A partir de juillet 1993, le régiment agit au sein du Groupe d'Intervention et de Sureté du 3e CA (GISCA). Le 1er novembre 1993, un détachement du 7e RHC prend la relève du 6e RHC,  à Divulje, près de Split, pour le troisième mandat de la Forpronu.
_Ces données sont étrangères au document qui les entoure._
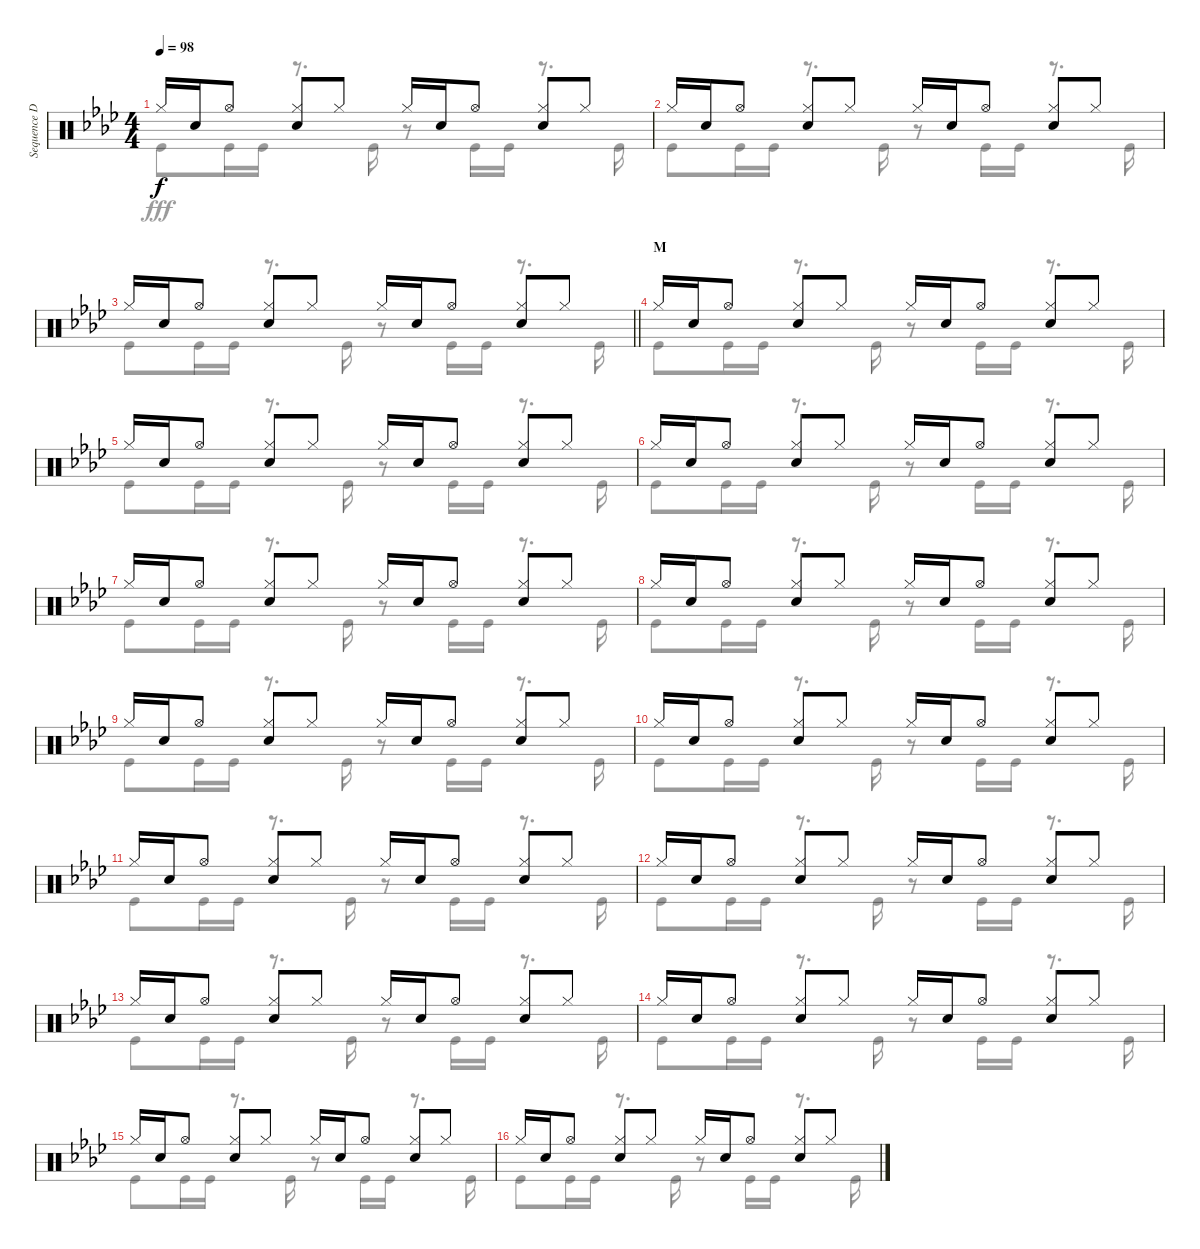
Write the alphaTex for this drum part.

\track ("Sequence Drums II" "Sequence D") {instrument percussion}
\staff {score}
\articulation defaults
\voice
\ts (4 4)
\tempo 98
\clef neutral
\ks ab "Hi-Hat (closed)".16{dy f} "Snare (hit) 2".16 "Hi-Hat (open)".8
("Hi-Hat (closed)" "Snare (hit) 2").8 "Hi-Hat (closed)".8 "Hi-Hat (closed)".16 "Snare (hit) 2".16 "Hi-Hat (open)".8 ("Hi-Hat (closed)" "Snare (hit) 2").8 "Hi-Hat (closed)".8 |
"Hi-Hat (closed)".16 "Snare (hit) 2".16 "Hi-Hat (open)".8 ("Hi-Hat (closed)" "Snare (hit) 2").8 "Hi-Hat (closed)".8 "Hi-Hat (closed)".16 "Snare (hit) 2".16 "Hi-Hat (open)".8 ("Hi-Hat (closed)" "Snare (hit) 2").8 "Hi-Hat (closed)".8 |
\barLineRight lightlight "Hi-Hat (closed)".16 "Snare (hit) 2".16 "Hi-Hat (open)".8
("Hi-Hat (closed)" "Snare (hit) 2").8 "Hi-Hat (closed)".8 "Hi-Hat (closed)".16 "Snare (hit) 2".16 "Hi-Hat (open)".8 ("Hi-Hat (closed)" "Snare (hit) 2").8 "Hi-Hat (closed)".8 |
\section ("" "M")
"Hi-Hat (closed)".16 "Snare (hit) 2".16 "Hi-Hat (open)".8 ("Hi-Hat (closed)" "Snare (hit) 2").8 "Hi-Hat (closed)".8 "Hi-Hat (closed)".16 "Snare (hit) 2".16 "Hi-Hat (open)".8 ("Hi-Hat (closed)" "Snare (hit) 2").8 "Hi-Hat (closed)".8 |
"Hi-Hat (closed)".16 "Snare (hit) 2".16 "Hi-Hat (open)".8 ("Hi-Hat (closed)" "Snare (hit) 2").8 "Hi-Hat (closed)".8 "Hi-Hat (closed)".16 "Snare (hit) 2".16 "Hi-Hat (open)".8 ("Hi-Hat (closed)" "Snare (hit) 2").8 "Hi-Hat (closed)".8 |
"Hi-Hat (closed)".16 "Snare (hit) 2".16 "Hi-Hat (open)".8 ("Hi-Hat (closed)" "Snare (hit) 2").8 "Hi-Hat (closed)".8 "Hi-Hat (closed)".16 "Snare (hit) 2".16 "Hi-Hat (open)".8 ("Hi-Hat (closed)" "Snare (hit) 2").8 "Hi-Hat (closed)".8 |
"Hi-Hat (closed)".16 "Snare (hit) 2".16 "Hi-Hat (open)".8 ("Hi-Hat (closed)" "Snare (hit) 2").8 "Hi-Hat (closed)".8 "Hi-Hat (closed)".16 "Snare (hit) 2".16 "Hi-Hat (open)".8 ("Hi-Hat (closed)" "Snare (hit) 2").8 "Hi-Hat (closed)".8 |
"Hi-Hat (closed)".16 "Snare (hit) 2".16 "Hi-Hat (open)".8 ("Hi-Hat (closed)" "Snare (hit) 2").8 "Hi-Hat (closed)".8 "Hi-Hat (closed)".16 "Snare (hit) 2".16 "Hi-Hat (open)".8 ("Hi-Hat (closed)" "Snare (hit) 2").8 "Hi-Hat (closed)".8 |
"Hi-Hat (closed)".16 "Snare (hit) 2".16 "Hi-Hat (open)".8 ("Hi-Hat (closed)" "Snare (hit) 2").8 "Hi-Hat (closed)".8 "Hi-Hat (closed)".16 "Snare (hit) 2".16 "Hi-Hat (open)".8 ("Hi-Hat (closed)" "Snare (hit) 2").8 "Hi-Hat (closed)".8 |
"Hi-Hat (closed)".16 "Snare (hit) 2".16 "Hi-Hat (open)".8 ("Hi-Hat (closed)" "Snare (hit) 2").8 "Hi-Hat (closed)".8 "Hi-Hat (closed)".16 "Snare (hit) 2".16 "Hi-Hat (open)".8 ("Hi-Hat (closed)" "Snare (hit) 2").8 "Hi-Hat (closed)".8 |
"Hi-Hat (closed)".16 "Snare (hit) 2".16 "Hi-Hat (open)".8 ("Hi-Hat (closed)" "Snare (hit) 2").8 "Hi-Hat (closed)".8 "Hi-Hat (closed)".16 "Snare (hit) 2".16 "Hi-Hat (open)".8 ("Hi-Hat (closed)" "Snare (hit) 2").8 "Hi-Hat (closed)".8 |
"Hi-Hat (closed)".16 "Snare (hit) 2".16 "Hi-Hat (open)".8 ("Hi-Hat (closed)" "Snare (hit) 2").8 "Hi-Hat (closed)".8 "Hi-Hat (closed)".16 "Snare (hit) 2".16 "Hi-Hat (open)".8 ("Hi-Hat (closed)" "Snare (hit) 2").8 "Hi-Hat (closed)".8 |
"Hi-Hat (closed)".16 "Snare (hit) 2".16 "Hi-Hat (open)".8 ("Hi-Hat (closed)" "Snare (hit) 2").8 "Hi-Hat (closed)".8 "Hi-Hat (closed)".16 "Snare (hit) 2".16 "Hi-Hat (open)".8 ("Hi-Hat (closed)" "Snare (hit) 2").8 "Hi-Hat (closed)".8 |
"Hi-Hat (closed)".16 "Snare (hit) 2".16 "Hi-Hat (open)".8 ("Hi-Hat (closed)" "Snare (hit) 2").8 "Hi-Hat (closed)".8 "Hi-Hat (closed)".16 "Snare (hit) 2".16 "Hi-Hat (open)".8 ("Hi-Hat (closed)" "Snare (hit) 2").8 "Hi-Hat (closed)".8 |
"Hi-Hat (closed)".16 "Snare (hit) 2".16 "Hi-Hat (open)".8 ("Hi-Hat (closed)" "Snare (hit) 2").8 "Hi-Hat (closed)".8 "Hi-Hat (closed)".16 "Snare (hit) 2".16 "Hi-Hat (open)".8 ("Hi-Hat (closed)" "Snare (hit) 2").8 "Hi-Hat (closed)".8 |
"Hi-Hat (closed)".16 "Snare (hit) 2".16 "Hi-Hat (open)".8 ("Hi-Hat (closed)" "Snare (hit) 2").8 "Hi-Hat (closed)".8 "Hi-Hat (closed)".16 "Snare (hit) 2".16 "Hi-Hat (open)".8 ("Hi-Hat (closed)" "Snare (hit) 2").8 "Hi-Hat (closed)".8
\voice
\clef neutral
\ottava regular
\simile none
\ks ab "Kick (hit)".8{dy fff} "Kick (hit)".16 "Kick (hit)".16
r.8{d} "Kick (hit)".16 r.8 "Kick (hit)".16 "Kick (hit)".16 r.8{d} "Kick (hit)".16 |
"Kick (hit)".8 "Kick (hit)".16 "Kick (hit)".16 r.8{d} "Kick (hit)".16 r.8 "Kick (hit)".16 "Kick (hit)".16 r.8{d} "Kick (hit)".16 |
\barLineRight lightlight "Kick (hit)".8 "Kick (hit)".16 "Kick (hit)".16
r.8{d} "Kick (hit)".16 r.8 "Kick (hit)".16 "Kick (hit)".16 r.8{d} "Kick (hit)".16 |
"Kick (hit)".8 "Kick (hit)".16 "Kick (hit)".16 r.8{d} "Kick (hit)".16 r.8 "Kick (hit)".16 "Kick (hit)".16 r.8{d} "Kick (hit)".16 |
"Kick (hit)".8 "Kick (hit)".16 "Kick (hit)".16 r.8{d} "Kick (hit)".16 r.8 "Kick (hit)".16 "Kick (hit)".16 r.8{d} "Kick (hit)".16 |
"Kick (hit)".8 "Kick (hit)".16 "Kick (hit)".16 r.8{d} "Kick (hit)".16 r.8 "Kick (hit)".16 "Kick (hit)".16 r.8{d} "Kick (hit)".16 |
"Kick (hit)".8 "Kick (hit)".16 "Kick (hit)".16 r.8{d} "Kick (hit)".16 r.8 "Kick (hit)".16 "Kick (hit)".16 r.8{d} "Kick (hit)".16 |
"Kick (hit)".8 "Kick (hit)".16 "Kick (hit)".16 r.8{d} "Kick (hit)".16 r.8 "Kick (hit)".16 "Kick (hit)".16 r.8{d} "Kick (hit)".16 |
"Kick (hit)".8 "Kick (hit)".16 "Kick (hit)".16 r.8{d} "Kick (hit)".16 r.8 "Kick (hit)".16 "Kick (hit)".16 r.8{d} "Kick (hit)".16 |
"Kick (hit)".8 "Kick (hit)".16 "Kick (hit)".16 r.8{d} "Kick (hit)".16 r.8 "Kick (hit)".16 "Kick (hit)".16 r.8{d} "Kick (hit)".16 |
"Kick (hit)".8 "Kick (hit)".16 "Kick (hit)".16 r.8{d} "Kick (hit)".16 r.8 "Kick (hit)".16 "Kick (hit)".16 r.8{d} "Kick (hit)".16 |
"Kick (hit)".8 "Kick (hit)".16 "Kick (hit)".16 r.8{d} "Kick (hit)".16 r.8 "Kick (hit)".16 "Kick (hit)".16 r.8{d} "Kick (hit)".16 |
"Kick (hit)".8 "Kick (hit)".16 "Kick (hit)".16 r.8{d} "Kick (hit)".16 r.8 "Kick (hit)".16 "Kick (hit)".16 r.8{d} "Kick (hit)".16 |
"Kick (hit)".8 "Kick (hit)".16 "Kick (hit)".16 r.8{d} "Kick (hit)".16 r.8 "Kick (hit)".16 "Kick (hit)".16 r.8{d} "Kick (hit)".16 |
"Kick (hit)".8 "Kick (hit)".16 "Kick (hit)".16 r.8{d} "Kick (hit)".16 r.8 "Kick (hit)".16 "Kick (hit)".16 r.8{d} "Kick (hit)".16 |
"Kick (hit)".8 "Kick (hit)".16 "Kick (hit)".16 r.8{d} "Kick (hit)".16 r.8 "Kick (hit)".16 "Kick (hit)".16 r.8{d} "Kick (hit)".16
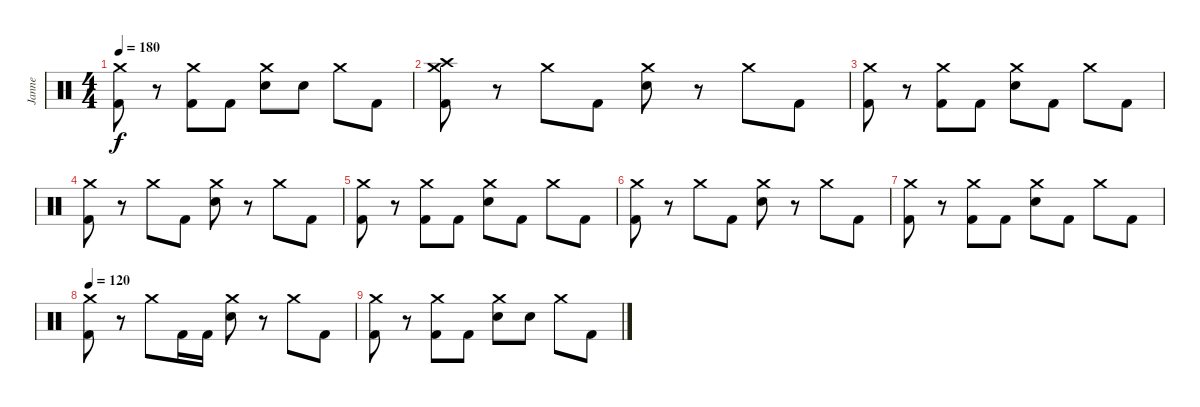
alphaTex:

\track ("Janne" "Janne") {instrument percussion}
\staff {score}
\articulation defaults
\ts (4 4)
\tempo 180
\clef neutral
\ks c
("Crash medium (hit)" "Kick (hit) 2").8{dy f} r.8 ("Crash medium (hit)" "Kick (hit) 2").8 "Kick (hit) 2".8 ("Crash medium (hit)" "Electric Snare (hit)").8 "Electric Snare (hit)".8 "Crash medium (hit)".8 "Kick (hit) 2".8 |
("Crash medium (hit)" "Crash high (hit)" "Kick (hit) 2").8{volume 3} r.8 "Crash medium (hit)".8 "Kick (hit) 2".8 ("Crash medium (hit)" "Electric Snare (hit)").8 r.8 "Crash medium (hit)".8 "Kick (hit) 2".8 |
("Crash medium (hit)" "Kick (hit) 2").8 r.8 ("Crash medium (hit)" "Kick (hit) 2").8 "Kick (hit) 2".8 ("Crash medium (hit)" "Electric Snare (hit)").8 "Kick (hit) 2".8 "Crash medium (hit)".8 "Kick (hit) 2".8 |
("Crash medium (hit)" "Kick (hit) 2").8 r.8 "Crash medium (hit)".8 "Kick (hit) 2".8 ("Crash medium (hit)" "Electric Snare (hit)").8 r.8 "Crash medium (hit)".8 "Kick (hit) 2".8 |
("Crash medium (hit)" "Kick (hit) 2").8 r.8 ("Crash medium (hit)" "Kick (hit) 2").8 "Kick (hit) 2".8 ("Crash medium (hit)" "Electric Snare (hit)").8 "Kick (hit) 2".8 "Crash medium (hit)".8 "Kick (hit) 2".8 |
("Crash medium (hit)" "Kick (hit) 2").8{volume 2} r.8 "Crash medium (hit)".8 "Kick (hit) 2".8 ("Crash medium (hit)" "Electric Snare (hit)").8 r.8 "Crash medium (hit)".8 "Kick (hit) 2".8 |
("Crash medium (hit)" "Kick (hit) 2").8 r.8 ("Crash medium (hit)" "Kick (hit) 2").8 "Kick (hit) 2".8 ("Crash medium (hit)" "Electric Snare (hit)").8 "Kick (hit) 2".8 "Crash medium (hit)".8 "Kick (hit) 2".8 |
\tempo 120
("Crash medium (hit)" "Kick (hit) 2").8{volume 0} r.8 "Crash medium (hit)".8 "Kick (hit) 2".16 "Kick (hit) 2".16 ("Crash medium (hit)" "Electric Snare (hit)").8 r.8 "Crash medium (hit)".8 "Kick (hit) 2".8 |
("Crash medium (hit)" "Kick (hit) 2").8 r.8 ("Crash medium (hit)" "Kick (hit) 2").8 "Kick (hit) 2".8 ("Crash medium (hit)" "Electric Snare (hit)").8 "Electric Snare (hit)".8 "Crash medium (hit)".8 "Kick (hit) 2".8
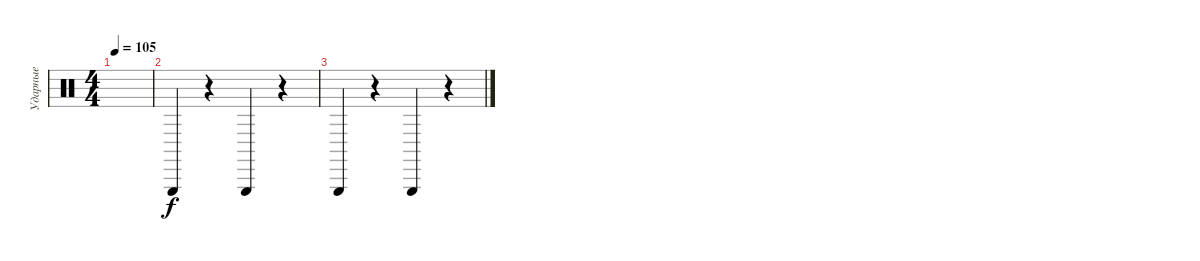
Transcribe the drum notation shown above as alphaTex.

\track ("Ударные" "Ударные") {instrument percussion}
\staff {score}
\articulation defaults
\ts (4 4)
\tempo 105
\clef neutral
\ks c
|
"Triangle (hit)".4 r.4 "Triangle (hit)".4 r.4 |
"Triangle (hit)".4 r.4 "Triangle (hit)".4 r.4
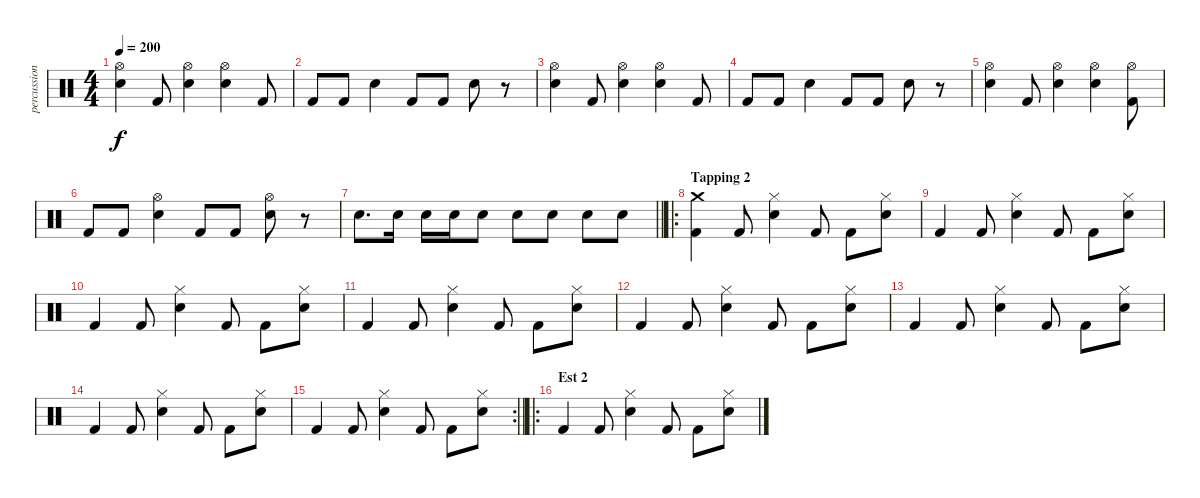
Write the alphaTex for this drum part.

\track ("percussion" "percussion") {instrument percussion}
\staff {score}
\articulation defaults
\ts (4 4)
\tempo 200
\clef neutral
\ks c
("Electric Snare (hit)" "Hi-Hat (open)").4{dy f} "Kick (hit) 2".8 ("Electric Snare (hit)" "Hi-Hat (open)").4 ("Electric Snare (hit)" "Hi-Hat (open)").4 "Kick (hit) 2".8 |
"Kick (hit) 2".8 "Kick (hit) 2".8 "Electric Snare (hit)".4 "Kick (hit) 2".8 "Kick (hit) 2".8 "Electric Snare (hit)".8 r.8 |
("Electric Snare (hit)" "Hi-Hat (open)").4 "Kick (hit) 2".8 ("Electric Snare (hit)" "Hi-Hat (open)").4 ("Electric Snare (hit)" "Hi-Hat (open)").4 "Kick (hit) 2".8 |
"Kick (hit) 2".8 "Kick (hit) 2".8 "Electric Snare (hit)".4 "Kick (hit) 2".8 "Kick (hit) 2".8 "Electric Snare (hit)".8 r.8 |
("Electric Snare (hit)" "Hi-Hat (open)").4 "Kick (hit) 2".8 ("Electric Snare (hit)" "Hi-Hat (open)").4 ("Electric Snare (hit)" "Hi-Hat (open)").4 ("Kick (hit) 2" "Hi-Hat (open)").8 |
"Kick (hit) 2".8 "Kick (hit) 2".8 ("Electric Snare (hit)" "Hi-Hat (open)").4 "Kick (hit) 2".8 "Kick (hit) 2".8 ("Electric Snare (hit)" "Hi-Hat (open)").8 r.8 |
\barLineRight lightlight "Electric Snare (hit)".8{d} "Electric Snare (hit)".16 "Electric Snare (hit)".16 "Electric Snare (hit)".16 "Electric Snare (hit)".8 "Electric Snare (hit)".8 "Electric Snare (hit)".8 "Electric Snare (hit)".8 "Electric Snare (hit)".8
|
\ro
\section ("" "Tapping 2")
("Kick (hit) 2" "Crash medium (hit)").4 "Kick (hit) 2".8 ("Electric Snare (hit)" "Hi-Hat (closed)").4 "Kick (hit) 2".8 "Kick (hit) 2".8 ("Electric Snare (hit)" "Hi-Hat (closed)").8 |
"Kick (hit) 2".4 "Kick (hit) 2".8 ("Electric Snare (hit)" "Hi-Hat (closed)").4 "Kick (hit) 2".8 "Kick (hit) 2".8 ("Electric Snare (hit)" "Hi-Hat (closed)").8 |
"Kick (hit) 2".4 "Kick (hit) 2".8 ("Electric Snare (hit)" "Hi-Hat (closed)").4 "Kick (hit) 2".8 "Kick (hit) 2".8 ("Electric Snare (hit)" "Hi-Hat (closed)").8 |
"Kick (hit) 2".4 "Kick (hit) 2".8 ("Electric Snare (hit)" "Hi-Hat (closed)").4 "Kick (hit) 2".8 "Kick (hit) 2".8 ("Electric Snare (hit)" "Hi-Hat (closed)").8 |
"Kick (hit) 2".4 "Kick (hit) 2".8 ("Electric Snare (hit)" "Hi-Hat (closed)").4 "Kick (hit) 2".8 "Kick (hit) 2".8 ("Electric Snare (hit)" "Hi-Hat (closed)").8 |
"Kick (hit) 2".4 "Kick (hit) 2".8 ("Electric Snare (hit)" "Hi-Hat (closed)").4 "Kick (hit) 2".8 "Kick (hit) 2".8 ("Electric Snare (hit)" "Hi-Hat (closed)").8 |
"Kick (hit) 2".4 "Kick (hit) 2".8 ("Electric Snare (hit)" "Hi-Hat (closed)").4 "Kick (hit) 2".8 "Kick (hit) 2".8 ("Electric Snare (hit)" "Hi-Hat (closed)").8 |
\rc 2
\barLineRight lightlight "Kick (hit) 2".4 "Kick (hit) 2".8
("Electric Snare (hit)" "Hi-Hat (closed)").4 "Kick (hit) 2".8 "Kick (hit) 2".8 ("Electric Snare (hit)" "Hi-Hat (closed)").8 |
\ro
\section ("" "Est 2")
"Kick (hit) 2".4 "Kick (hit) 2".8 ("Electric Snare (hit)" "Hi-Hat (closed)").4 "Kick (hit) 2".8 "Kick (hit) 2".8 ("Electric Snare (hit)" "Hi-Hat (closed)").8

Le régiment participera ainsi à trois mandats ONU en alternance avec le 6e RHC.

Puis, le 1er juin 1995, avec la création de la 3e Brigade Aéromobile,  il intègre, en  tant qu'élément organique, le Groupement de Sûreté et d'Intervention (GSI), formé avec les 6e RHC de Compiègne, le 152e RI de Colmar et le 2e RH de Sourdun.

Enfin, en 1996, le régiment renforce le 6e RHC, au sein du Detalat IFOR, à Ploce, en Croatie.

Le 7e RHC est dissous le 30 juin 1997.

Le régiment est l'héritier des pelotons d'avions du 1er CA et de la 2e DIM (1943-1945), des pelotons des 11e DI et 2e DIM d'Algérie, du GAOA N°1, du GALAT N°1, des 6e GALAT et 6e GALREG et du 11e GHL.

 

(1) DM n°970/DEF/EMAT/MO/ORG/DR du 24 mai 1985.

(2) DM n°1053/DEF/EMAT/MO/ORG/341/DR du 28 mai 1990.